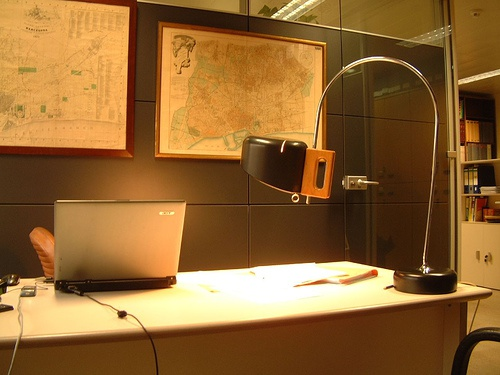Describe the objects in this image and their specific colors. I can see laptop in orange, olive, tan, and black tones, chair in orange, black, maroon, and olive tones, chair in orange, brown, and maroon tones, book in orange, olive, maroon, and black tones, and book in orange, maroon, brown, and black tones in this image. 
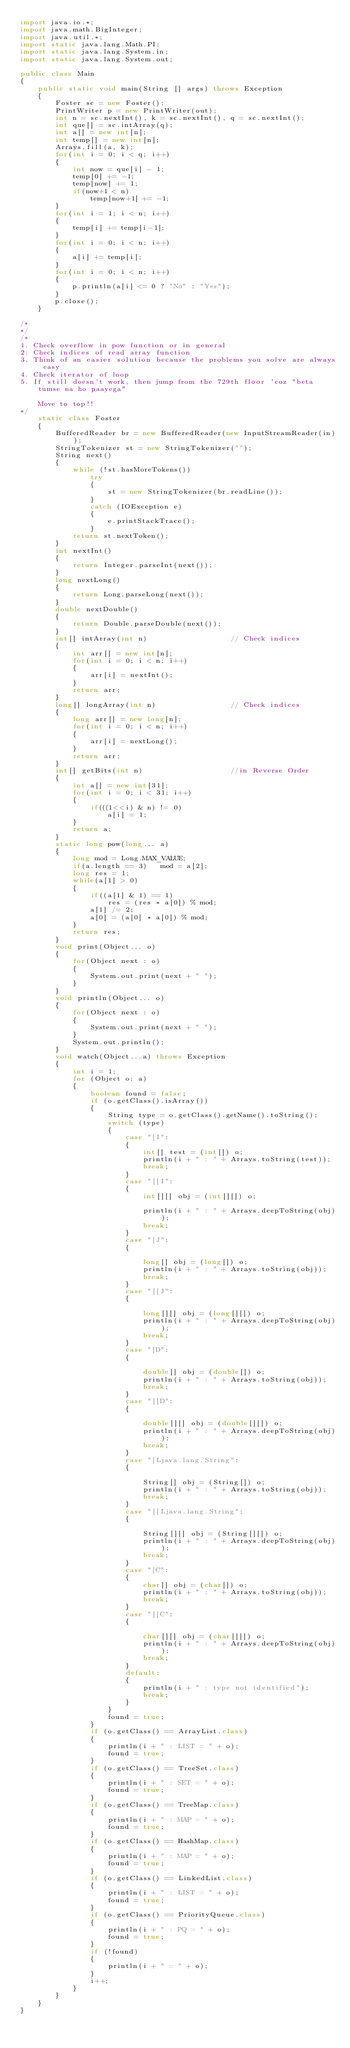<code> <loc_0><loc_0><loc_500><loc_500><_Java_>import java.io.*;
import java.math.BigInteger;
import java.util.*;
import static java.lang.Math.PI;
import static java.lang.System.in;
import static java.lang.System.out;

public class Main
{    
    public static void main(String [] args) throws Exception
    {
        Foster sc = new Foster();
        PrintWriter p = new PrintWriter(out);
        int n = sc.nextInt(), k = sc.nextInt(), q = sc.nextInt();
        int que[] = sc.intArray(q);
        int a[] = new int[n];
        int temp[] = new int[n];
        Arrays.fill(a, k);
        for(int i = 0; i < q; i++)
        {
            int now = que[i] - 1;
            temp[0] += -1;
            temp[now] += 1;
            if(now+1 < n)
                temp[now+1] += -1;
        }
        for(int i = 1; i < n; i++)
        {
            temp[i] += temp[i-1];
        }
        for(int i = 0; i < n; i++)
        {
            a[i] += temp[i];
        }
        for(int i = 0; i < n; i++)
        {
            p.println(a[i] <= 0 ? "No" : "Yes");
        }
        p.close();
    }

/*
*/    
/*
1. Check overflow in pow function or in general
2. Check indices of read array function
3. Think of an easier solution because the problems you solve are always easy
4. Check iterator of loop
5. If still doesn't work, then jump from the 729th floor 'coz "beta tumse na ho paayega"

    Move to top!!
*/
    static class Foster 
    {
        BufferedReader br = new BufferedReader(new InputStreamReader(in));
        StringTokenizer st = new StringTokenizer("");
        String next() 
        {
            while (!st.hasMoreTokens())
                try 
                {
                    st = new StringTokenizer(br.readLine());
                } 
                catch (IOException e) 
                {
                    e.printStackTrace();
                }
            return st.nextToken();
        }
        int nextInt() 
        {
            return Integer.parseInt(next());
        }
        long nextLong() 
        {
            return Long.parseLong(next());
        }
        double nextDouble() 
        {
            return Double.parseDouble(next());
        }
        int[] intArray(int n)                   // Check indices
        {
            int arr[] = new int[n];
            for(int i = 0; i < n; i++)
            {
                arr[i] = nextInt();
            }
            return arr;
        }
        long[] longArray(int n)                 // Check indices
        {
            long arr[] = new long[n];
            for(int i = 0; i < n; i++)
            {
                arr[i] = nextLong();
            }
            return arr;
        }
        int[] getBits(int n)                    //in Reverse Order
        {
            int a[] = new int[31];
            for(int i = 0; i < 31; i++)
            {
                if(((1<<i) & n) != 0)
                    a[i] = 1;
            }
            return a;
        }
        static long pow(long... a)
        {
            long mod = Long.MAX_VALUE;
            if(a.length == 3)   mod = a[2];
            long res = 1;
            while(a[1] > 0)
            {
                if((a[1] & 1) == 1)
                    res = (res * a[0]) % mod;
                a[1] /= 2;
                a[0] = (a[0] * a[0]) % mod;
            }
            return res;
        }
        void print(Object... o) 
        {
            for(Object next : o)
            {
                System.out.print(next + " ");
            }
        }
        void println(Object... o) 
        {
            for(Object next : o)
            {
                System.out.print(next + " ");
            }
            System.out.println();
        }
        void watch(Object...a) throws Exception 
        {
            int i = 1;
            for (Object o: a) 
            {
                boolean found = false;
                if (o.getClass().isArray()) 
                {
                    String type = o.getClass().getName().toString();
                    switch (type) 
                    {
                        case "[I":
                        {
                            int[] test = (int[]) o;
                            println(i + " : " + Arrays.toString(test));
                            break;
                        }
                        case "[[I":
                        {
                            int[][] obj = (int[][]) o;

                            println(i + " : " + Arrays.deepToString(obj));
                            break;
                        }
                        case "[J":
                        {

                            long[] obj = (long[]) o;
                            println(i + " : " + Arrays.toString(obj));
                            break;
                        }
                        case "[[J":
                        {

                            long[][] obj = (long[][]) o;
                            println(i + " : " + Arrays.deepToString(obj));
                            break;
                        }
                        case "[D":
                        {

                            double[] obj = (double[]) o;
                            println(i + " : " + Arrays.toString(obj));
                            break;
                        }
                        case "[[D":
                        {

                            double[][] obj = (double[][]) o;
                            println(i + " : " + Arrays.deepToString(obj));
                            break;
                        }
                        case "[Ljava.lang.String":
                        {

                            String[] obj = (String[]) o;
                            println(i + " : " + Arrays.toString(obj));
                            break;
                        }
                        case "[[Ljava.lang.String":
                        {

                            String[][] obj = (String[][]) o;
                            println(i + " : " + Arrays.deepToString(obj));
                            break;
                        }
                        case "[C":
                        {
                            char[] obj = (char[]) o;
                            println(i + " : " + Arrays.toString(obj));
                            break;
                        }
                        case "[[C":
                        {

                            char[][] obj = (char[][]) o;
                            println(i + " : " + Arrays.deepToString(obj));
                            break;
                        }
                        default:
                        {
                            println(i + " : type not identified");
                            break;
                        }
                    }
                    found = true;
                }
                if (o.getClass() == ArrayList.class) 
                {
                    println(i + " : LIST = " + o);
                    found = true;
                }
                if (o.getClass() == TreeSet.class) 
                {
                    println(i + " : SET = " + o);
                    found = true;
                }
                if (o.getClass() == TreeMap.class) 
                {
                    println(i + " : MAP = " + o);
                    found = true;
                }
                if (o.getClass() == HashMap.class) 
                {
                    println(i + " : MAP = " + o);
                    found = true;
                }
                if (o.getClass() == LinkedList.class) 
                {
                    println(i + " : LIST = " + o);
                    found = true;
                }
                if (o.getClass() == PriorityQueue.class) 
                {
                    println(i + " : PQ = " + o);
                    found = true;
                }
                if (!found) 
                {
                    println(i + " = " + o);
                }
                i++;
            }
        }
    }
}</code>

..............................

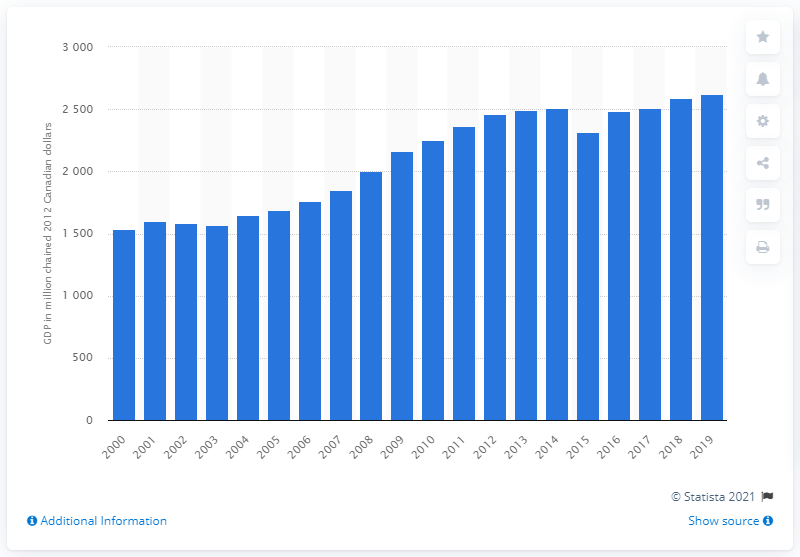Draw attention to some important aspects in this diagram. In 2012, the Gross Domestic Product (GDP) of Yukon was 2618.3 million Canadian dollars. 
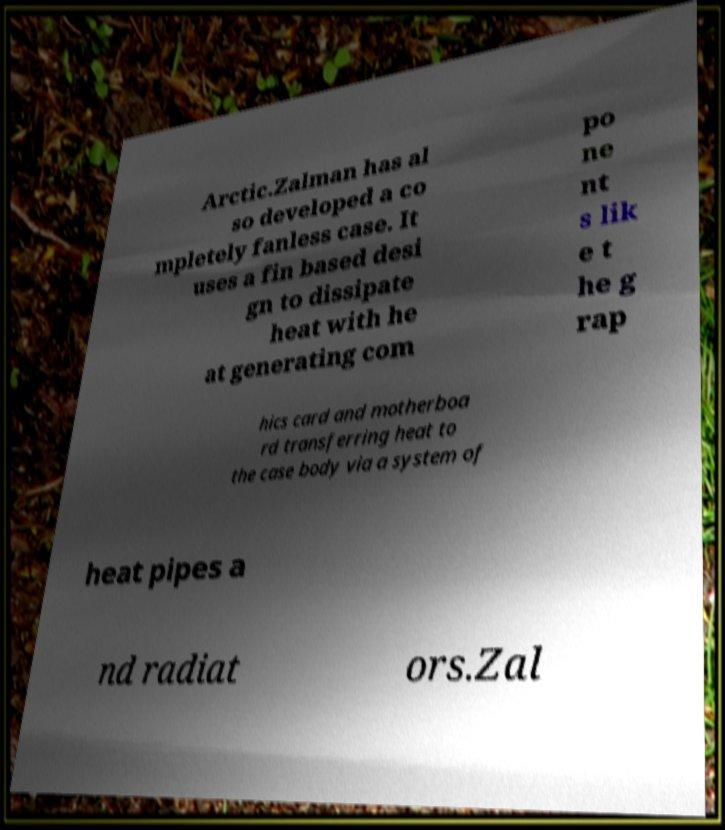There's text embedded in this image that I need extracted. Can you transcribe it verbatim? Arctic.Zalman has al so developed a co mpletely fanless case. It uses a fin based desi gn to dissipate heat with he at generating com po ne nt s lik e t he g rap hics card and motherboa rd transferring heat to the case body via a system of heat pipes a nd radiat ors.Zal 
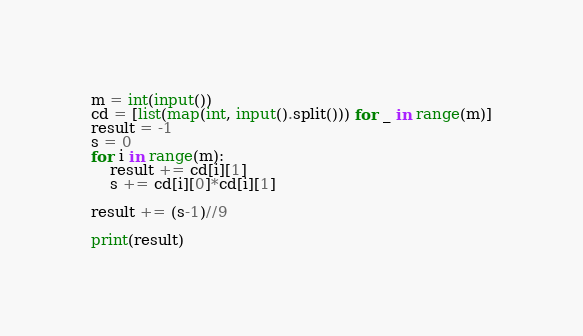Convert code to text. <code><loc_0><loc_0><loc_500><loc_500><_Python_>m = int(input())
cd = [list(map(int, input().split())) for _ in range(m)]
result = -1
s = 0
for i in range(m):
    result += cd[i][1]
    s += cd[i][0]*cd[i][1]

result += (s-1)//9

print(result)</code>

..............................

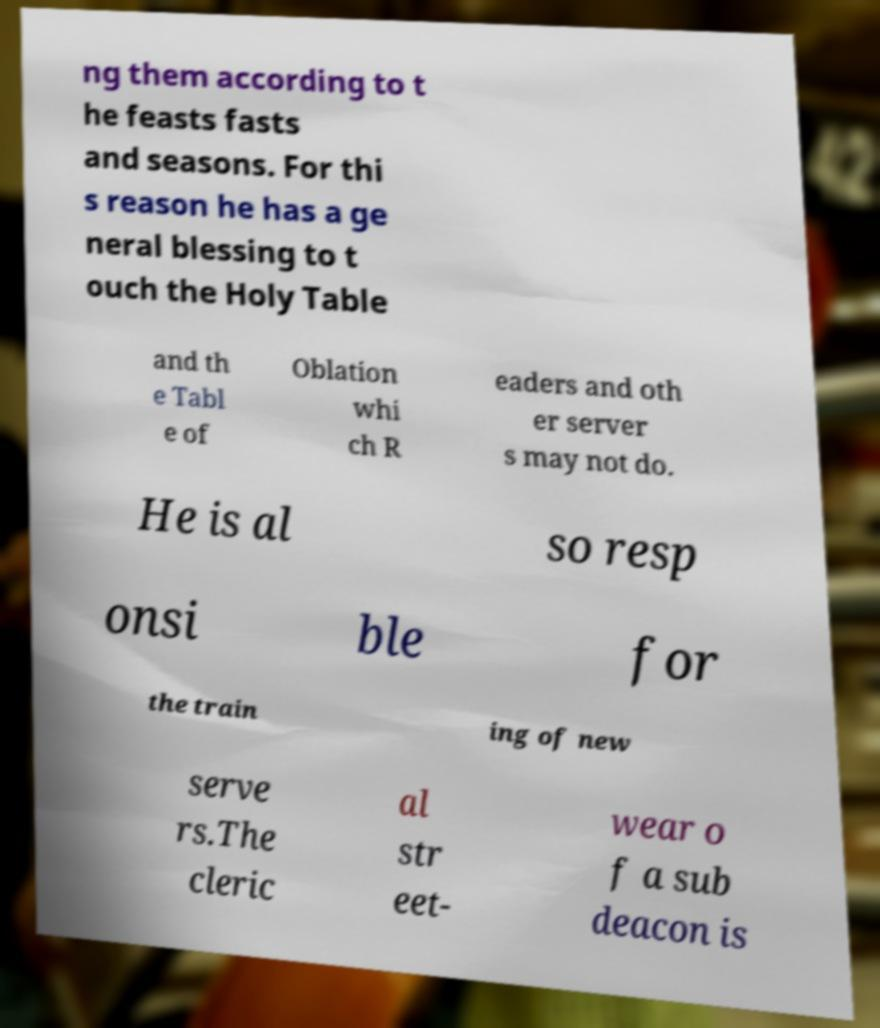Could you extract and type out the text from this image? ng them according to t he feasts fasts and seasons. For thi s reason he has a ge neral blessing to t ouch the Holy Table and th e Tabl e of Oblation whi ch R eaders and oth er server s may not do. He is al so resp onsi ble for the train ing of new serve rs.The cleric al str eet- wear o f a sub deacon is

..............................

Work request |
In the entries above, every line from the line with "Describe the objects" to the line with "2. Check indices of read array function" is to be printed exactly, with both ends included and pictures excluded.

Written solution |
Describe the objects in this image and their specific colors. I can see laptop in orange, olive, tan, and black tones, chair in orange, black, maroon, and olive tones, chair in orange, brown, and maroon tones, book in orange, olive, maroon, and black tones, and book in orange, maroon, brown, and black tones in this image. 
<code> <loc_0><loc_0><loc_500><loc_500><_Java_>import java.io.*;
import java.math.BigInteger;
import java.util.*;
import static java.lang.Math.PI;
import static java.lang.System.in;
import static java.lang.System.out;

public class Main
{    
    public static void main(String [] args) throws Exception
    {
        Foster sc = new Foster();
        PrintWriter p = new PrintWriter(out);
        int n = sc.nextInt(), k = sc.nextInt(), q = sc.nextInt();
        int que[] = sc.intArray(q);
        int a[] = new int[n];
        int temp[] = new int[n];
        Arrays.fill(a, k);
        for(int i = 0; i < q; i++)
        {
            int now = que[i] - 1;
            temp[0] += -1;
            temp[now] += 1;
            if(now+1 < n)
                temp[now+1] += -1;
        }
        for(int i = 1; i < n; i++)
        {
            temp[i] += temp[i-1];
        }
        for(int i = 0; i < n; i++)
        {
            a[i] += temp[i];
        }
        for(int i = 0; i < n; i++)
        {
            p.println(a[i] <= 0 ? "No" : "Yes");
        }
        p.close();
    }

/*
*/    
/*
1. Check overflow in pow function or in general
2. Check indices of read array function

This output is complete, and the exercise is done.